It depends on your pace mate. But the vast majority of runners should get nowhere near 20 miles when training for a marathon.
The evidence tells us that, once you go over 12 miles (yes, just 12), the benefit declines rapidly. There is some benefit but it's relatively negligible. And once you run for over 3 hours, you actually enter a zone of detriment - your fitness will worsen. This is because there is essentially no fitness benefit beyond this point but your body will take a significant amount of time to recover. This, in turn, will hinder your other training runs for the rest of the week (and potentially beyond). The long run is the most important run of the week, but it isn't so important that it should be to the detriment of your other runs.

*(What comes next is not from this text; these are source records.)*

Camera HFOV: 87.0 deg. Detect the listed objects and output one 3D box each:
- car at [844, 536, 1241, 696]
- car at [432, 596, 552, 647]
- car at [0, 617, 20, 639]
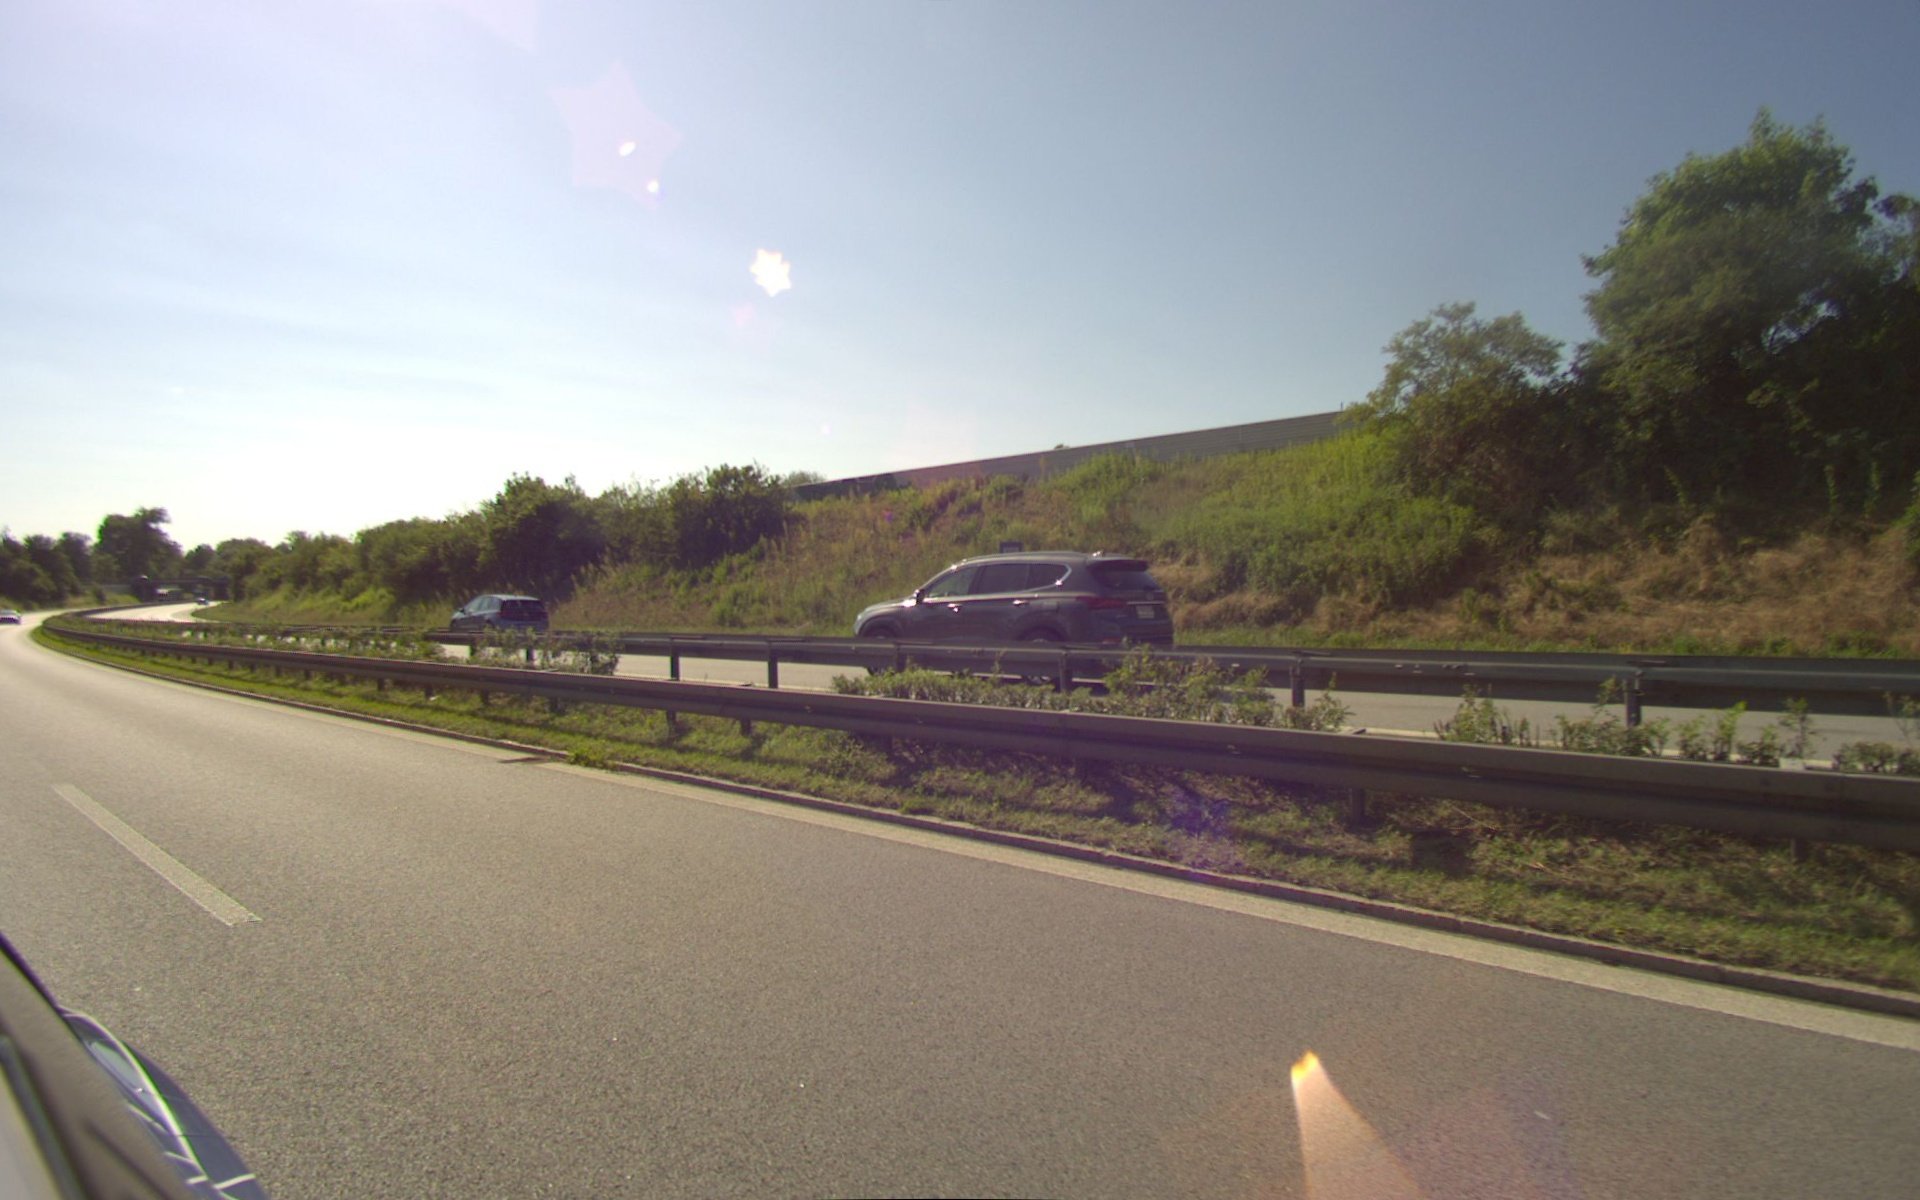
[{"bbox_3d":[0.898,0.227,13.096,4.884,1.692,2.046,-1,-2,41],"label":"car"},{"bbox_3d":[-15.020,0.668,32.360,4.684,1.491,1.800,-1,0,42],"label":"car"},{"bbox_3d":[-96.903,2.842,102.587,1.968,2.028,4.608,-3,2,-38],"label":"car"}]
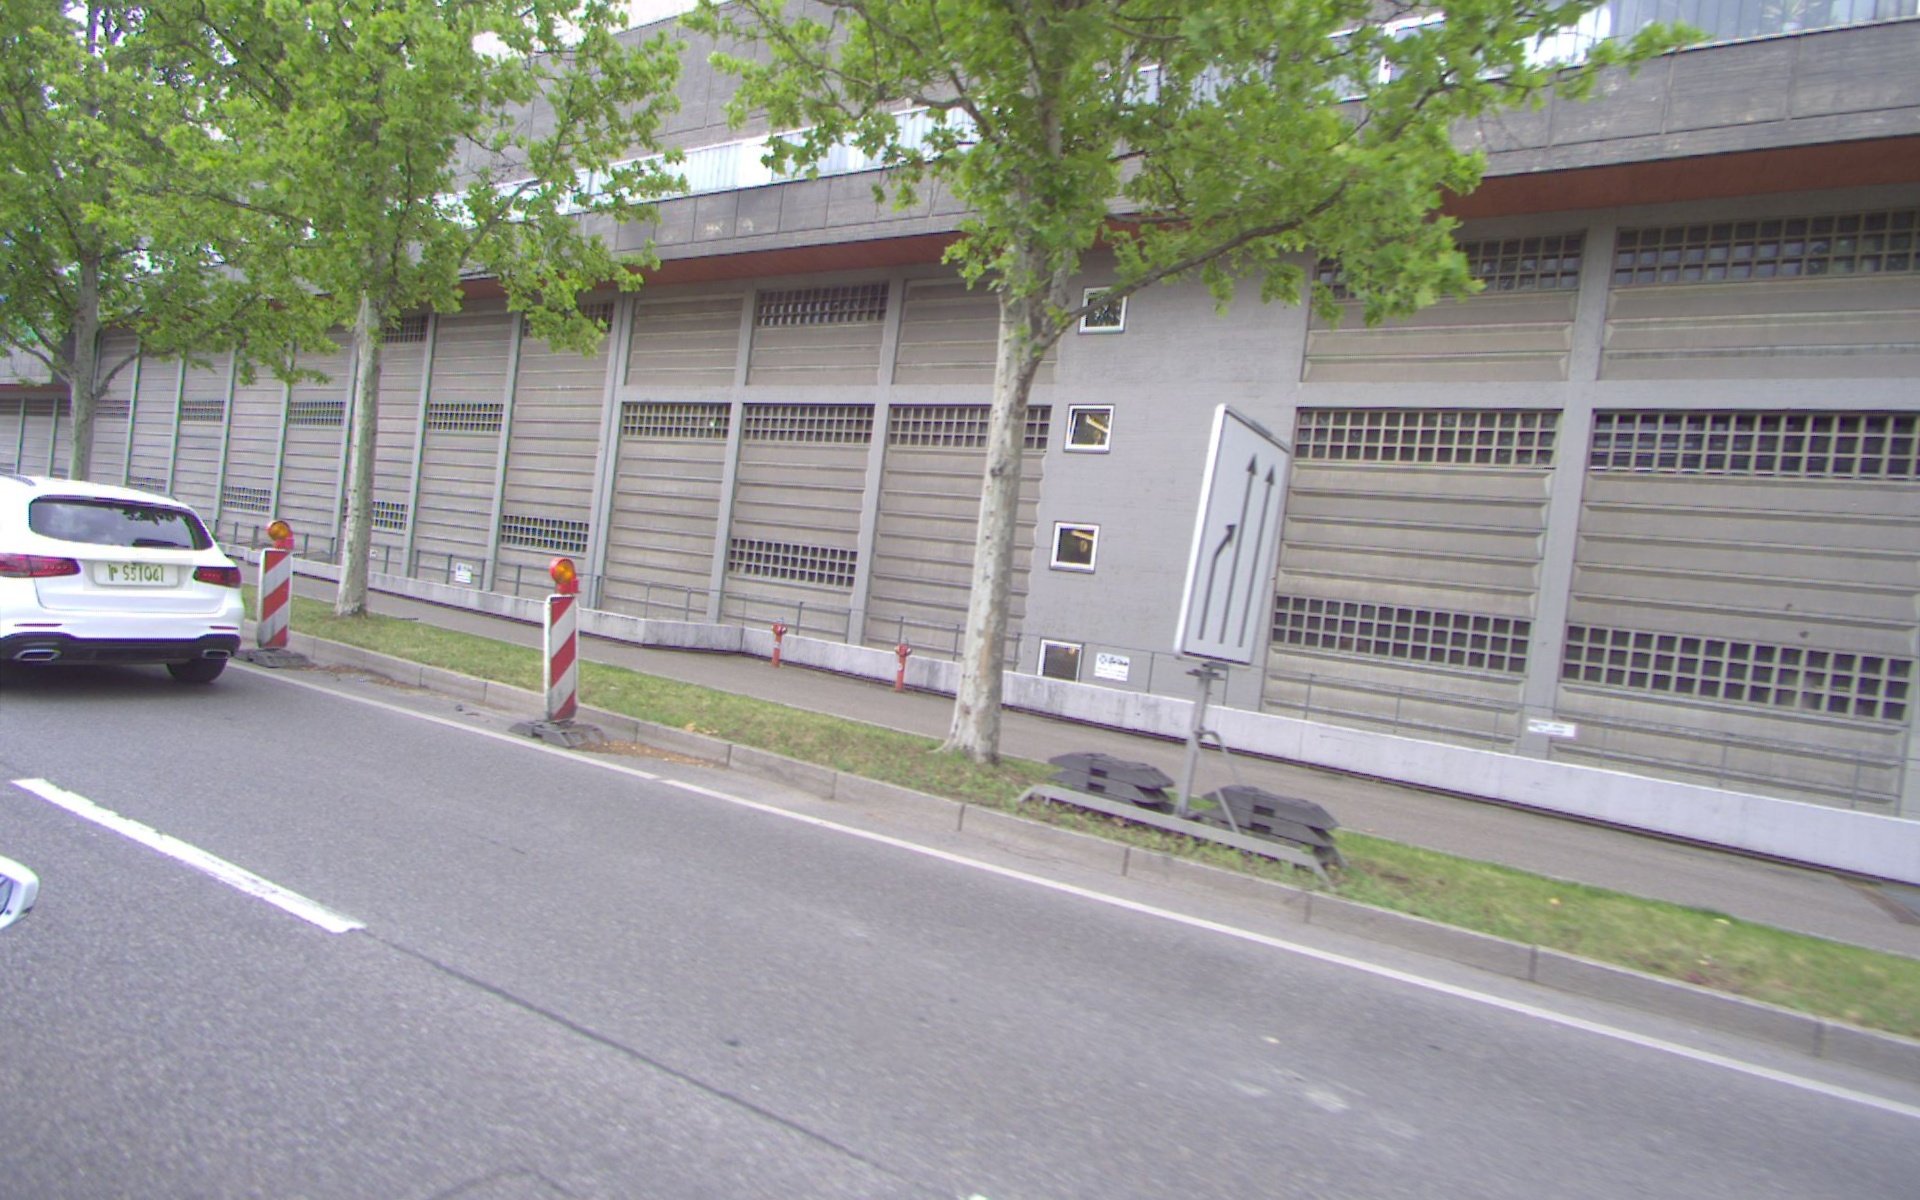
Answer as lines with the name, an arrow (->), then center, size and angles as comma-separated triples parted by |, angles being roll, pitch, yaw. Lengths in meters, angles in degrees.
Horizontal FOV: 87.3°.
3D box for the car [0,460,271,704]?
car -> -8.262, -0.345, 8.811 | 4.474, 1.664, 1.813 | 8, 3, 29

Aiming for a high cumulative weekly mileage with one of your runs as an LSR is the key to successful marathon training. This can be further supplemented by optional speed work and strength training.
So to look again at maximum LSR: aim for no more than 3 hours on feet in one go. This doesn't mean that you should be at, or close to, 3 hours every week though. Let's look at an average runner whose LSR pace is 10m/m. In three hours, they will run 18 miles. To have a faster LSR pace than this, you're typically looking at going under 3:30 for the marathon. So it will take a very fast runner with an LSR pace of 9m/m to cover 20 miles in 3 hours.